Mi primer vehiculo motorizada fué una Vespa. Tras años de dificultades, en los que
no se podía pensar en gastos supérfluos, la situación de la familia mejoraba. Trabajando todos, excepto mi hermano, que hacía la Formación Profesional, empezamos a
darnos pequeños caprichos. Yo, gracias a los ahorrillos de veinte años en la Administración del Estado, conseguidos por el sencillo procedimiento de no gastar una
peseta que no fuera indsispensable, me lancé a la maravillosa y terrible experiencia de comprarme una motocicleta. Cuando la vi una tarde aparcada a la puerta de
mi casa, nuevecita, impoluta, preciosa en su color azul cobalto y sus niquelados
brillantes, comprendí la pasión del ser humano por la máquina, por cualquier máquina. Con ella inicié mis veraneos a la costa, mis solitarios viajes al desconocido mundo de una España todavía en los pañales de un turismo que crecía rápidamente. Con ella llegué un verano hasta las costas catalanas, Barcelona, Tarragona, Arenys, Tossa de Mar. Con ella subí la empinada cuesta del monte Eirís, en la
Coruña, cuando la Coruña terminaba al pié del monte, y llegar a la radio costera,
hace tiempo desaparecida, exigía buenos ánimos y buenas piernas. Con ella, en fin,
adquirí mis primeros conocimientos de la mecánica automóvil, mejorando (?) el diseño de algunas piezas, ó inventando accesorios para procurarme comodidades. La
vendí, no sin pesar, cuando en el colmo del derroche, me decidí en los años sesenta a la compra de un 600. La prosperidad más repugnante me acechaba a la vuelta de
la esquina.
No hace falta decir que el 600 marcó un hito en la vida de los españoles de la
postguerra. Después de las ridiculas . aventuras del Goggomóvil, el Biscúter y la
Isetta, los fabricantes advirtieron que la apuesta iba en serio y que aquí hasta
el gato quería coche. El 600 respondió a las apetencias de nuestra clase modesta;
ya en aquellos años cincuenta y sesenta pensábamos que España también podía ser
Europa, y los españoles, algo más que el objeto de rechifla para lores ingleses
y loros inglesas, animados por las descripciones de las Guides Bleus. En pocos
años, esta nación se convirtió en un hormiguero de cochecillos, y el mío fué uno
más devorando kilómetros, camino de las playas mediterráneas, del mundo, de otras
tierras.
Todavía está en la memoria un regreso de Alicante a finales de agosto. El 600 se
calentaba como un horno de pan cada vez que corria treinta kilómtros a más de
treinta por hora. En la Roda, a las tres de la tarde, el motor echaba fuego. El
último recurso fué abrir la calefacción. Raúl, que me acompañaba, y yo, desnudos
de cintura para arriba, soportábamos el calor tórrido de la carretera y la alta
temperatura de la calefacción a pique de asfixiarnos en aquel ambiente de infierno. Mi sobrino clamaba: "¡Un abanico, un abanico!".

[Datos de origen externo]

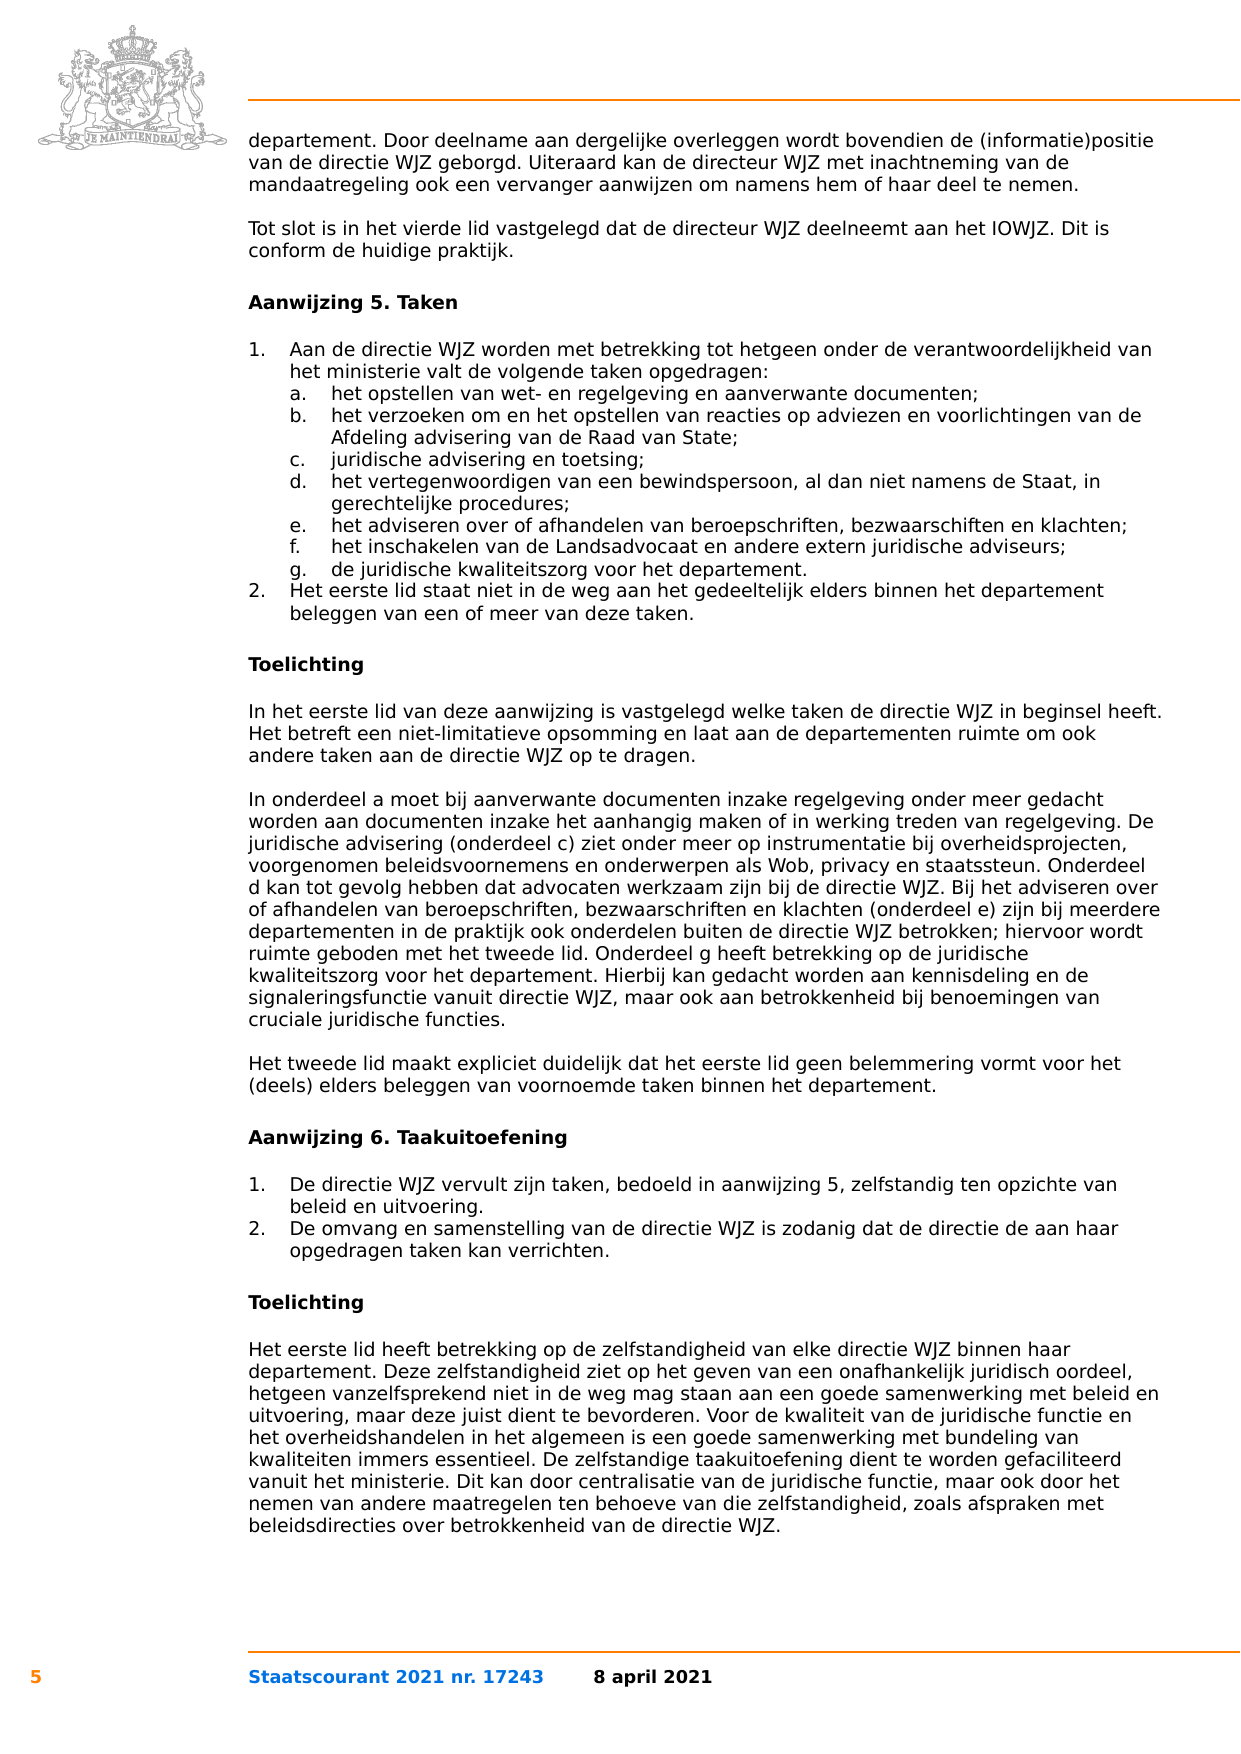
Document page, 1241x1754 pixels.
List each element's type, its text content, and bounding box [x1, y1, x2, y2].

picture [38, 25, 227, 150]
subtitle Toelichting [248, 654, 1163, 676]
text c. juridische advisering en toetsing; [289, 448, 1163, 471]
subtitle Aanwijzing 6. Taakuitoefening [248, 1127, 1163, 1149]
text g. de juridische kwaliteitszorg voor het departement. [289, 558, 1163, 580]
text Tot slot is in het vierde lid vastgelegd dat de directeur WJZ deelneemt aan het IOWJZ. Dit is conform de huidige praktijk. [248, 218, 1163, 262]
text Het tweede lid maakt expliciet duidelijk dat het eerste lid geen belemmering vormt voor het (deels) elders beleggen van voornoemde taken binnen het departement. [248, 1053, 1163, 1097]
subtitle Aanwijzing 5. Taken [248, 292, 1163, 314]
text 2. Het eerste lid staat niet in de weg aan het gedeeltelijk elders binnen het departement beleggen van een of meer van deze taken. [248, 580, 1163, 624]
text f. het inschakelen van de Landsadvocaat en andere extern juridische adviseurs; [289, 536, 1163, 558]
text 1. De directie WJZ vervult zijn taken, bedoeld in aanwijzing 5, zelfstandig ten opzichte van beleid en uitvoering. [248, 1174, 1163, 1218]
text a. het opstellen van wet- en regelgeving en aanverwante documenten; [289, 383, 1163, 404]
text d. het vertegenwoordigen van een bewindspersoon, al dan niet namens de Staat, in gerechtelijke procedures; [289, 471, 1163, 514]
text In het eerste lid van deze aanwijzing is vastgelegd welke taken de directie WJZ in beginsel heeft. Het betreft een niet-limitatieve opsomming en laat aan de departementen ruimte om ook andere taken aan de directie WJZ op te dragen. [248, 701, 1163, 767]
text Het eerste lid heeft betrekking op de zelfstandigheid van elke directie WJZ binnen haar departement. Deze zelfstandigheid ziet op het geven van een onafhankelijk juridisch oordeel, hetgeen vanzelfsprekend niet in de weg mag staan aan een goede samenwerking met beleid en uitvoering, maar deze juist dient te bevorderen. Voor de kwaliteit van de juridische functie en het overheidshandelen in het algemeen is een goede samenwerking met bundeling van kwaliteiten immers essentieel. De zelfstandige taakuitoefening dient te worden gefaciliteerd vanuit het ministerie. Dit kan door centralisatie van de juridische functie, maar ook door het nemen van andere maatregelen ten behoeve van die zelfstandigheid, zoals afspraken met beleidsdirecties over betrokkenheid van de directie WJZ. [248, 1339, 1163, 1536]
text 1. Aan de directie WJZ worden met betrekking tot hetgeen onder de verantwoordelijkheid van het ministerie valt de volgende taken opgedragen: [248, 339, 1163, 383]
text In onderdeel a moet bij aanverwante documenten inzake regelgeving onder meer gedacht worden aan documenten inzake het aanhangig maken of in werking treden van regelgeving. De juridische advisering (onderdeel c) ziet onder meer op instrumentatie bij overheidsprojecten, voorgenomen beleidsvoornemens en onderwerpen als Wob, privacy en staatssteun. Onderdeel d kan tot gevolg hebben dat advocaten werkzaam zijn bij de directie WJZ. Bij het adviseren over of afhandelen van beroepschriften, bezwaarschriften en klachten (onderdeel e) zijn bij meerdere departementen in de praktijk ook onderdelen buiten de directie WJZ betrokken; hiervoor wordt ruimte geboden met het tweede lid. Onderdeel g heeft betrekking op de juridische kwaliteitszorg voor het departement. Hierbij kan gedacht worden aan kennisdeling en de signaleringsfunctie vanuit directie WJZ, maar ook aan betrokkenheid bij benoemingen van cruciale juridische functies. [248, 789, 1163, 1031]
text b. het verzoeken om en het opstellen van reacties op adviezen en voorlichtingen van de Afdeling advisering van de Raad van State; [289, 404, 1163, 448]
text e. het adviseren over of afhandelen van beroepschriften, bezwaarschiften en klachten; [289, 514, 1163, 536]
subtitle Toelichting [248, 1292, 1163, 1314]
text departement. Door deelname aan dergelijke overleggen wordt bovendien de (informatie)positie van de directie WJZ geborgd. Uiteraard kan de directeur WJZ met inachtneming van de mandaatregeling ook een vervanger aanwijzen om namens hem of haar deel te nemen. [248, 130, 1163, 196]
text 2. De omvang en samenstelling van de directie WJZ is zodanig dat de directie de aan haar opgedragen taken kan verrichten. [248, 1218, 1163, 1262]

Mis aficiones mecánicas hallaron campo en el coche. Jamás entró en un taller.
Cuando eravtecesario cambiarle el aceite ó las zapatas de freno, yo me las arreglaba. Hasta el disco de embrague cambié una vez, a la puerta de mi casa, colocando las ruedas traseras encima del bordillo y sacando el motor colgado de un
"pico de pato", que también me fabriqué con desechos de la emisora. Yo disfrutaba
no solo con la conducción local y los viajes, sino, más aun, destripando el pequeño vehículo para satisfacer mis ansias investigadoras.
Pero nada de este mundo es eterno. En los últimos años sesenta ya subía con dificultad las cuestas de Galapagar, camino de la sierra. En primera y a una velocidad de tortuga, se originaba detrás una caravana interminable de coches -coches
auténticos, no una caja de zapatos con ruedas-, que pedían paso con sus clàxons
vociferantes. El pretexto para arrumbarlo fué mi paso por el quirófano en el 84.
Aparcado a la puerta de casa, el óxido acabó de matarle. Fueron casi veinte años
sacándole jugo, hasta que al final de los 80, cayéndose a pedazos, se lo llevó el
chatarrero.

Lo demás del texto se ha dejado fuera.